I appear to have more books than I realized.
This month I’ve moved into a new office. It’s really the first time I’ve had my own beautiful space for working and creating since I started working for myself 30 years ago.
(I did once rent a room in a house to work from. That went about as well as most Airbnb “room rental only” experiences. Slightly grim, mostly dispiriting.)
I’ve now got a twenty-minute walk from home to this new space. I’m not sure what I’m calling it yet. Definitely not an office. A studio, or maybe an atelier.
There are ten other tenants, mostly creatives of one sort or another. A theatre company. A luthier. A weaver. A paper maker.
They’ve all been there for years, and I’m definitely feeling the “who’s the new kid?” vibes.
There’s a mix between welcoming and wary, with the proportions varying from person to person.
I’m deploying three strategies to help me more quickly become part of the fabric of the building.
Bird by Bird
Anne Lamott’s book of that title is about how to write (and live life). “Bird by bird” means simply one step at a time. And in my case, I’m not trying to make friends with everyone in the building, I’m trying to make friends with each one.
It’s a bit overwhelming to think I’ve suddenly got to ingratiate myself with ten or more new people. It’s less so when I think I’m just trying to meet one person, and then the next, and then the next.
When I’m giving a keynote speech, I’ll stand at the entrance and welcome people personally. It cheers them up — the keynoter is saying hello! — but it’s also a way of reminding myself that this crowd of a thousand is actually just a lot of lovely individuals.
Call my Friend Hotline
I’ve been part of a mastermind group with MT for the last year or so, and she was the one who gave me the lowdown that this space was becoming available.
(Lesson: Tell lots of people what you’re looking for. You never know where a scattered seed will take root.)
She’s already vouchsafed me to the community, which is a great start. I’m not likely to be rejected.
Now, I’ll ask her to introduce me, one by one, to the people who are here.
Bring cake
One of my best friends, Anton, had a brilliant strategy when he started work in a new place.
He brought cake.
Repeatedly.
He was a slightly prickly guy (one of the reasons I liked him tbh) and worse, a New Zealander. The cake definitely broke down barriers.
I’m not sure what the equivalent of cake is in 2026. It might well be … cake.
I’ll be bringing gifts/shamelessly bribing people to like me in my outreach efforts.
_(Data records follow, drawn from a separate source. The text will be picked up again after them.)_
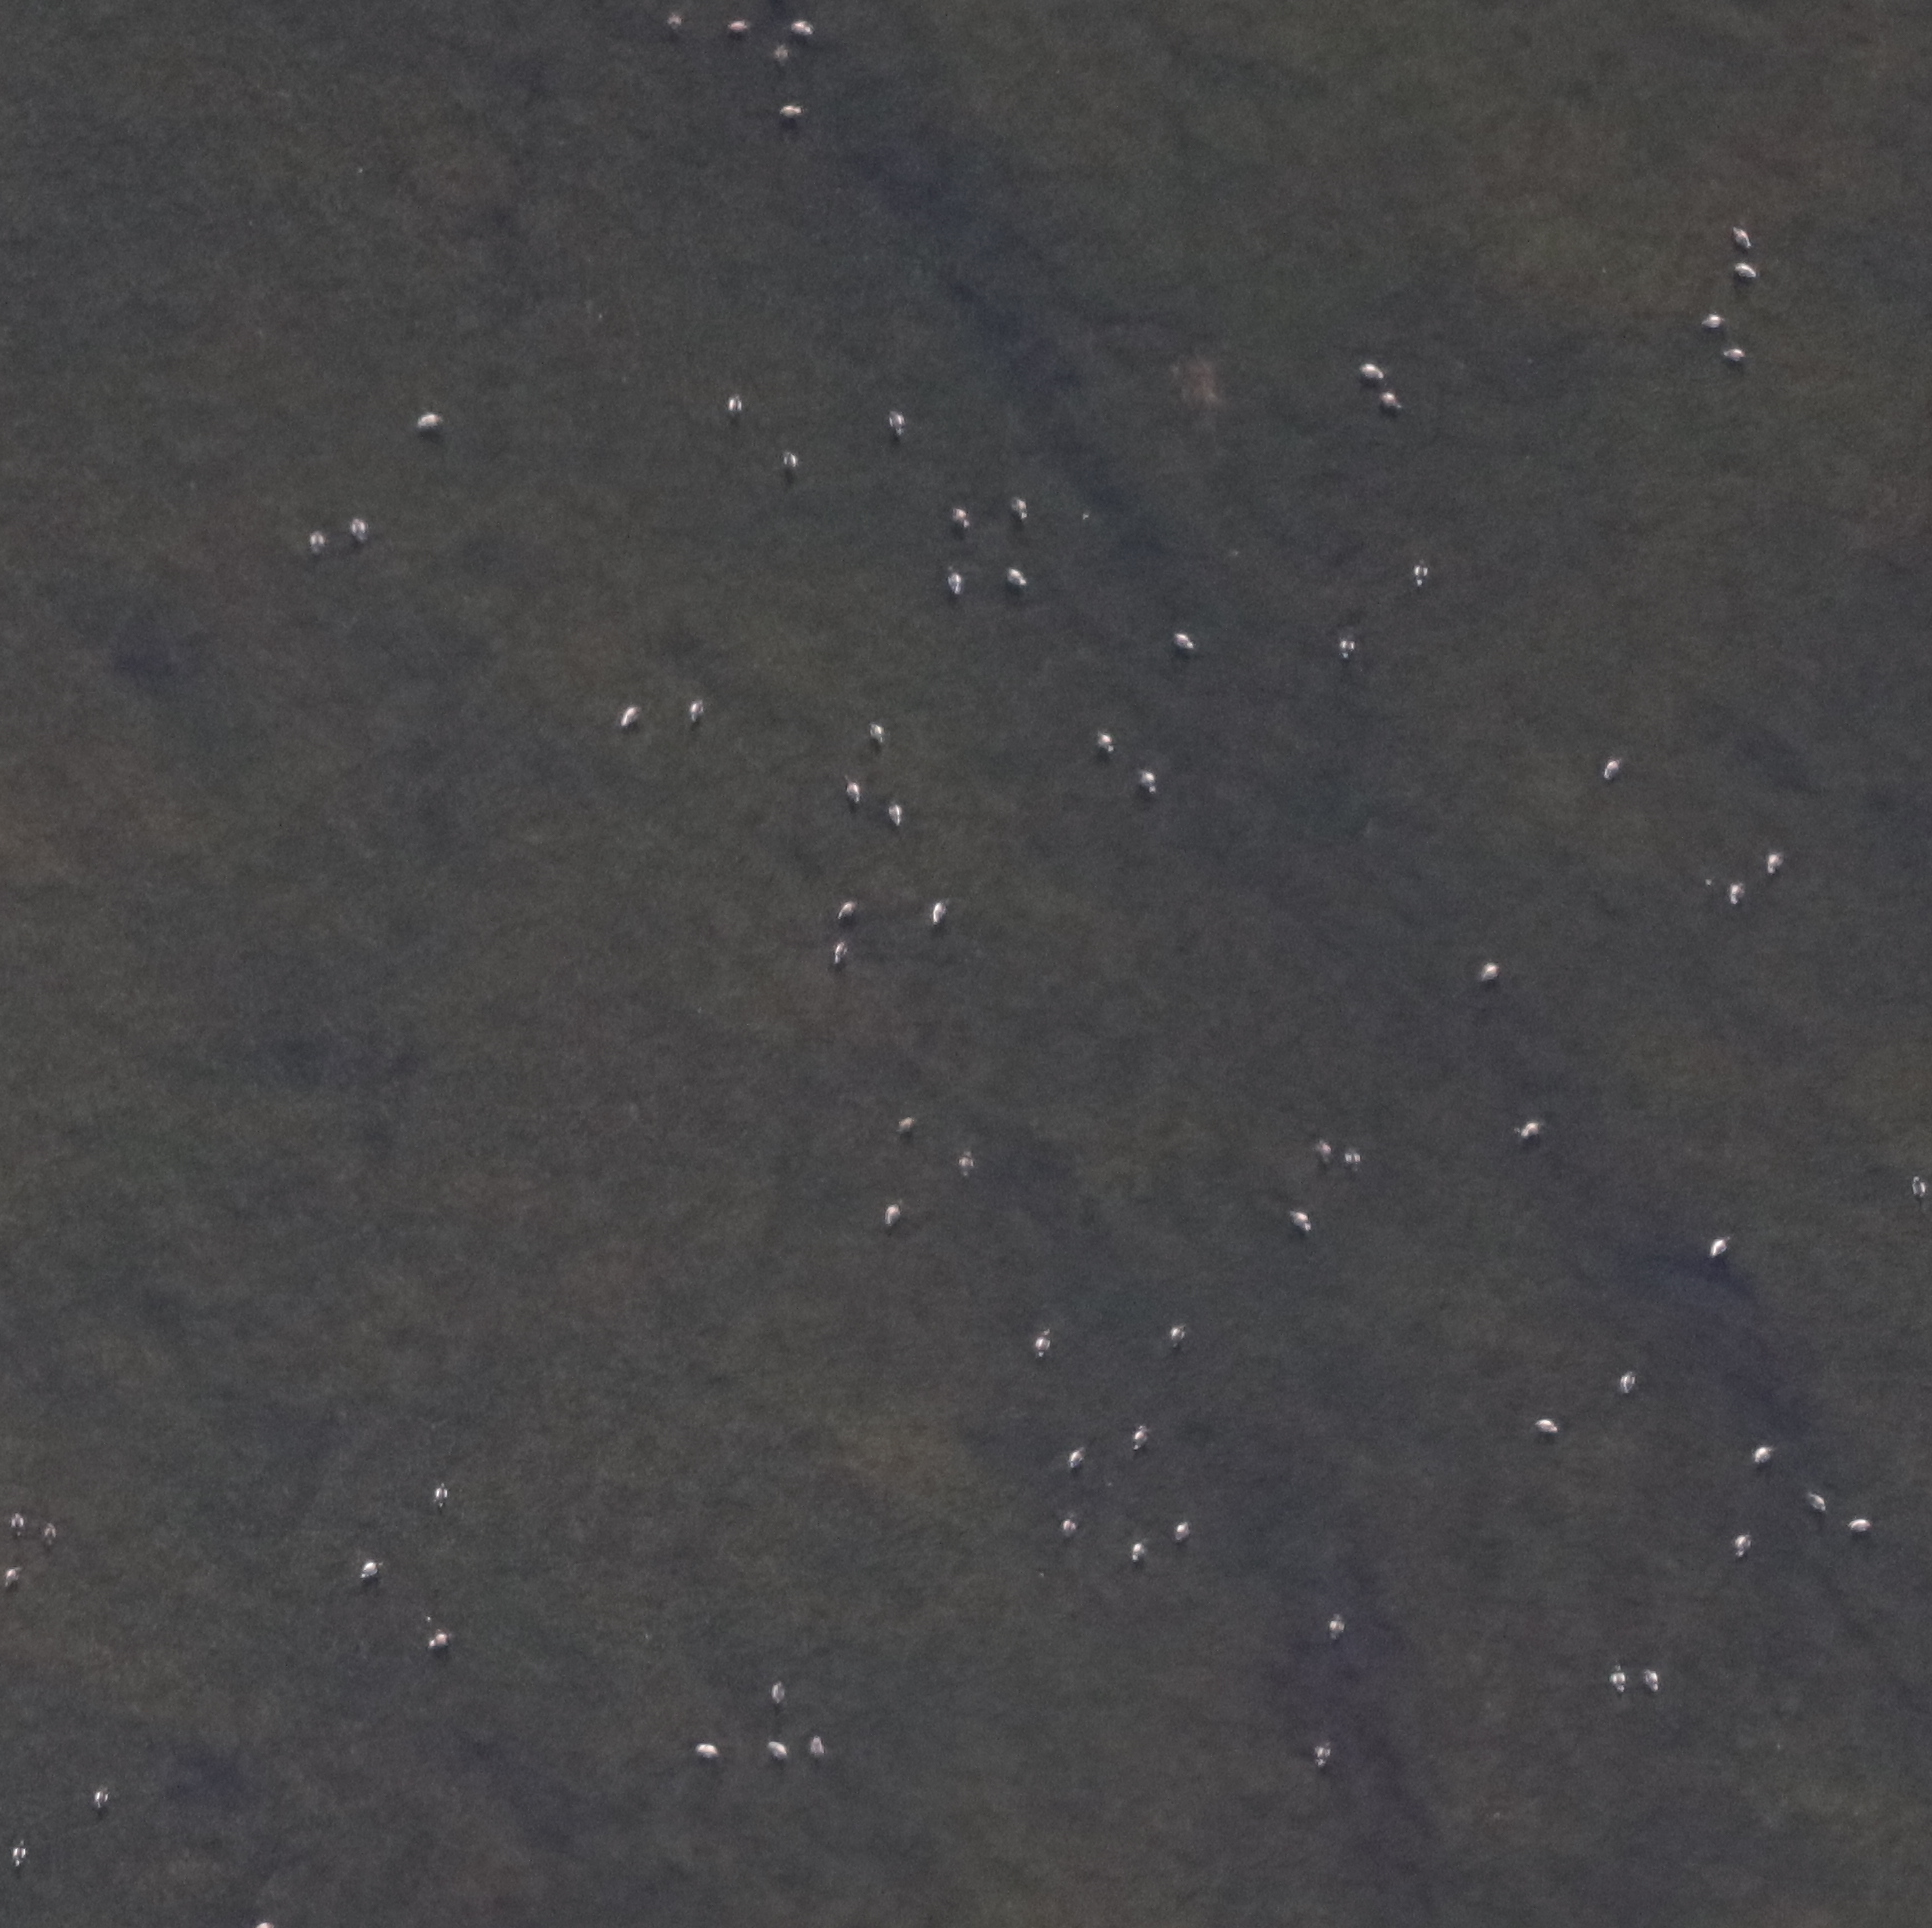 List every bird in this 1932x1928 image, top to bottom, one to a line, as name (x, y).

brant (802, 27)
brant (679, 29)
brant (733, 39)
brant (791, 50)
brant (794, 105)
brant (1741, 235)
brant (1744, 282)
brant (1720, 323)
brant (1737, 361)
brant (1370, 374)
brant (735, 406)
brant (1396, 406)
brant (437, 422)
brant (894, 427)
brant (796, 463)
brant (1025, 511)
brant (963, 518)
brant (366, 528)
brant (320, 547)
brant (1427, 571)
brant (1020, 577)
brant (968, 585)
brant (1188, 650)
brant (1352, 651)
brant (698, 708)
brant (630, 716)
brant (882, 731)
brant (1107, 738)
brant (1616, 766)
brant (855, 782)
brant (1151, 784)
brant (896, 810)
brant (1775, 859)
brant (1739, 890)
brant (850, 912)
brant (937, 920)
brant (839, 951)
brant (1498, 971)
brant (906, 1126)
brant (1537, 1126)
brant (1327, 1152)
brant (1356, 1163)
brant (962, 1165)
brant (1920, 1187)
brant (899, 1208)
brant (1301, 1218)
brant (1719, 1251)
brant (1179, 1329)
brant (1039, 1345)
brant (1638, 1384)
brant (1540, 1419)
brant (1135, 1434)
brant (1757, 1445)
brant (1074, 1462)
brant (443, 1489)
brant (1828, 1504)
brant (23, 1524)
brant (1066, 1525)
brant (1870, 1526)
brant (1182, 1531)
brant (54, 1537)
brant (1741, 1552)
brant (1143, 1559)
brant (372, 1577)
brant (9, 1578)
brant (1337, 1636)
brant (437, 1646)
brant (1621, 1677)
brant (1652, 1678)
brant (776, 1695)
brant (711, 1742)
brant (822, 1744)
brant (777, 1751)
brant (1329, 1758)
brant (109, 1798)
brant (14, 1853)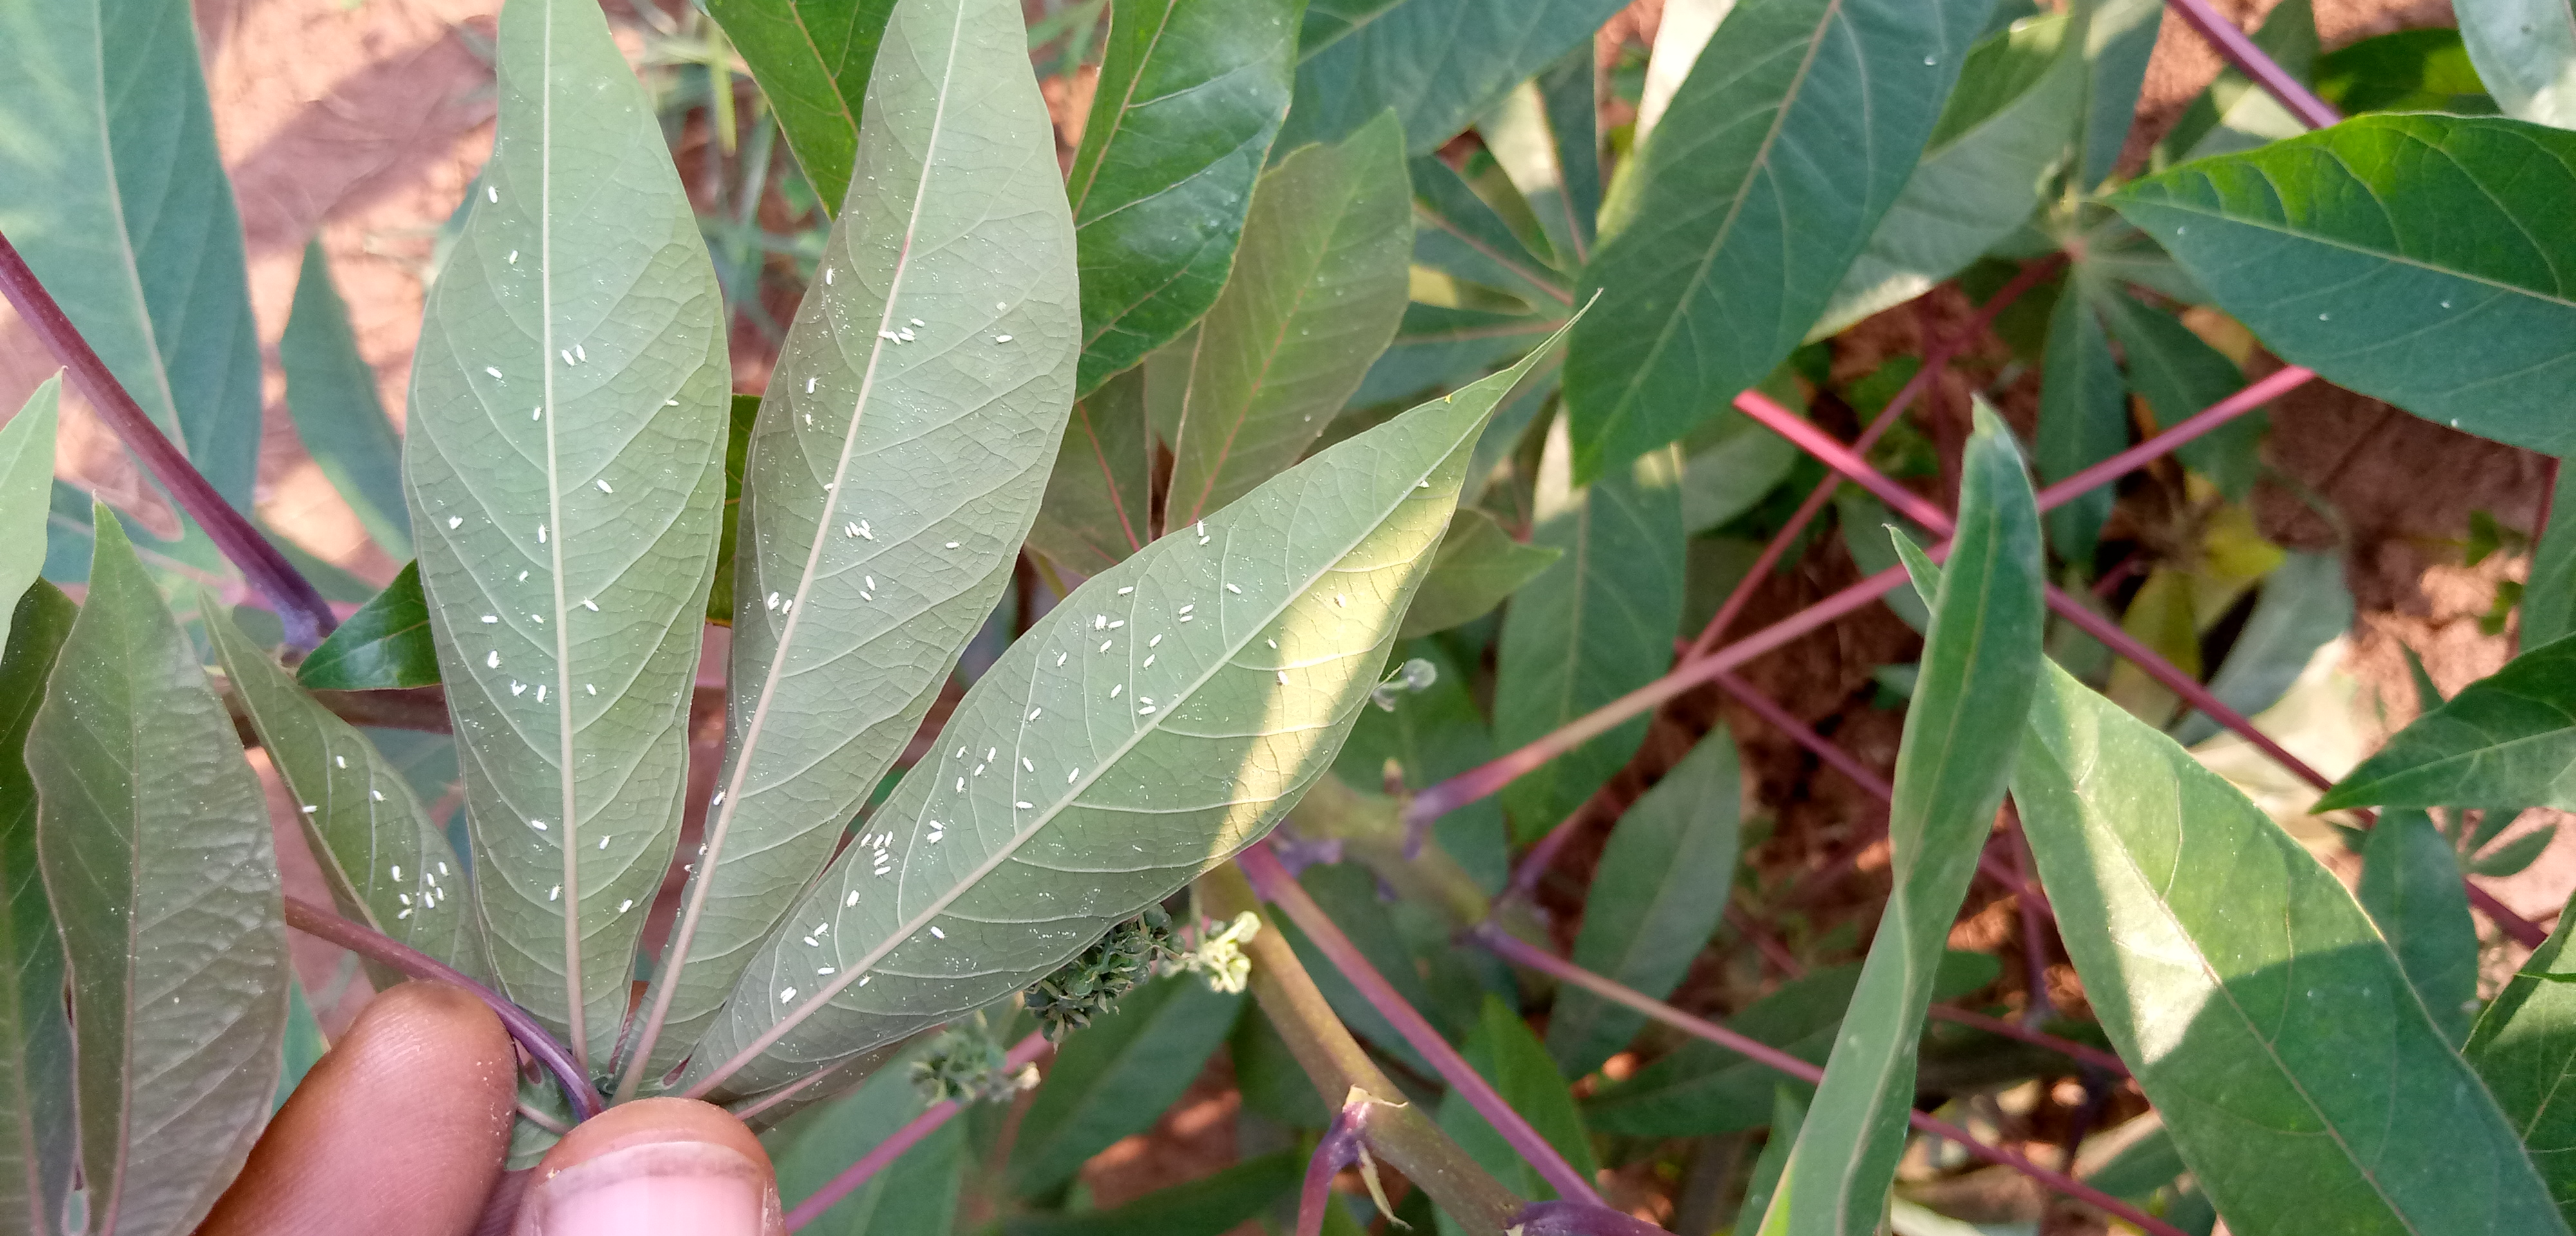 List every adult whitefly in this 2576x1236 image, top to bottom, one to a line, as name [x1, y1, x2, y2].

whitefly [486, 183, 502, 204]
whitefly [2174, 224, 2188, 238]
whitefly [507, 248, 521, 267]
whitefly [824, 265, 835, 288]
whitefly [2438, 300, 2454, 310]
whitefly [2316, 310, 2332, 324]
whitefly [908, 316, 925, 328]
whitefly [900, 326, 917, 336]
whitefly [877, 330, 891, 339]
whitefly [890, 330, 904, 347]
whitefly [993, 331, 1015, 345]
whitefly [898, 332, 914, 342]
whitefly [575, 344, 587, 364]
whitefly [561, 348, 576, 367]
whitefly [484, 365, 505, 380]
whitefly [806, 374, 819, 397]
whitefly [663, 397, 684, 411]
whitefly [531, 402, 544, 422]
whitefly [804, 411, 814, 427]
whitefly [2448, 417, 2460, 429]
whitefly [595, 478, 614, 495]
whitefly [1417, 478, 1431, 491]
whitefly [822, 482, 835, 491]
whitefly [449, 514, 457, 525]
whitefly [451, 517, 463, 531]
whitefly [1195, 518, 1206, 536]
whitefly [860, 518, 871, 530]
whitefly [849, 520, 860, 536]
whitefly [536, 521, 551, 545]
whitefly [844, 525, 853, 539]
whitefly [858, 527, 874, 543]
whitefly [1198, 534, 1212, 548]
whitefly [943, 538, 962, 552]
whitefly [517, 569, 529, 585]
whitefly [865, 573, 876, 591]
whitefly [1225, 581, 1242, 595]
whitefly [1114, 584, 1135, 595]
whitefly [858, 589, 874, 603]
whitefly [1334, 590, 1347, 608]
whitefly [768, 592, 779, 606]
whitefly [580, 595, 601, 613]
whitefly [782, 598, 793, 616]
whitefly [770, 599, 781, 613]
whitefly [1177, 604, 1193, 613]
whitefly [529, 613, 546, 624]
whitefly [1094, 613, 1102, 631]
whitefly [1101, 613, 1107, 628]
whitefly [479, 614, 500, 626]
whitefly [1178, 614, 1195, 623]
whitefly [1108, 619, 1124, 630]
whitefly [1148, 632, 1163, 648]
whitefly [1266, 635, 1278, 649]
whitefly [1099, 638, 1114, 655]
whitefly [487, 650, 498, 669]
whitefly [1054, 650, 1069, 668]
whitefly [1142, 653, 1157, 669]
whitefly [493, 658, 500, 669]
whitefly [1276, 667, 1292, 687]
whitefly [509, 677, 528, 697]
whitefly [536, 682, 549, 704]
whitefly [585, 682, 600, 697]
whitefly [1109, 682, 1122, 701]
whitefly [1138, 695, 1155, 706]
whitefly [1138, 705, 1157, 716]
whitefly [1027, 706, 1045, 724]
whitefly [954, 743, 968, 759]
whitefly [986, 745, 998, 765]
whitefly [334, 753, 348, 770]
whitefly [1021, 755, 1036, 775]
whitefly [973, 763, 986, 777]
whitefly [1066, 765, 1079, 785]
whitefly [954, 776, 967, 794]
whitefly [371, 787, 385, 803]
whitefly [712, 789, 727, 807]
whitefly [1015, 800, 1035, 810]
whitefly [299, 803, 320, 815]
whitefly [529, 816, 551, 832]
whitefly [928, 819, 945, 830]
whitefly [884, 830, 894, 846]
whitefly [926, 830, 945, 844]
whitefly [597, 832, 613, 851]
whitefly [861, 832, 871, 847]
whitefly [873, 834, 884, 850]
whitefly [697, 841, 709, 856]
whitefly [873, 848, 886, 858]
whitefly [873, 853, 889, 868]
whitefly [438, 861, 452, 877]
whitefly [683, 861, 695, 873]
whitefly [391, 863, 403, 883]
whitefly [873, 865, 895, 878]
whitefly [426, 871, 439, 888]
whitefly [549, 883, 563, 902]
whitefly [435, 886, 446, 903]
whitefly [846, 889, 856, 908]
whitefly [424, 890, 436, 910]
whitefly [399, 892, 413, 906]
whitefly [851, 892, 859, 907]
whitefly [617, 897, 634, 916]
whitefly [397, 906, 414, 921]
whitefly [814, 921, 830, 938]
whitefly [930, 926, 946, 940]
whitefly [802, 935, 820, 948]
whitefly [816, 965, 837, 977]
whitefly [858, 975, 871, 988]
whitefly [781, 986, 793, 998]
whitefly [782, 989, 798, 1006]

It’s hard to make friends as an adult. Here’s the formula:
[Invite people in] x [acts of generosity] x [on-going exposure] x [some inconvenience]
That last element is a bit of a twist, isn’t it? Inconvenience?
It’s definitely safer, easier, less effort, and more seductive to stay in your own keep.
But there’s more to life than that.
Remember: We is more interesting than Me.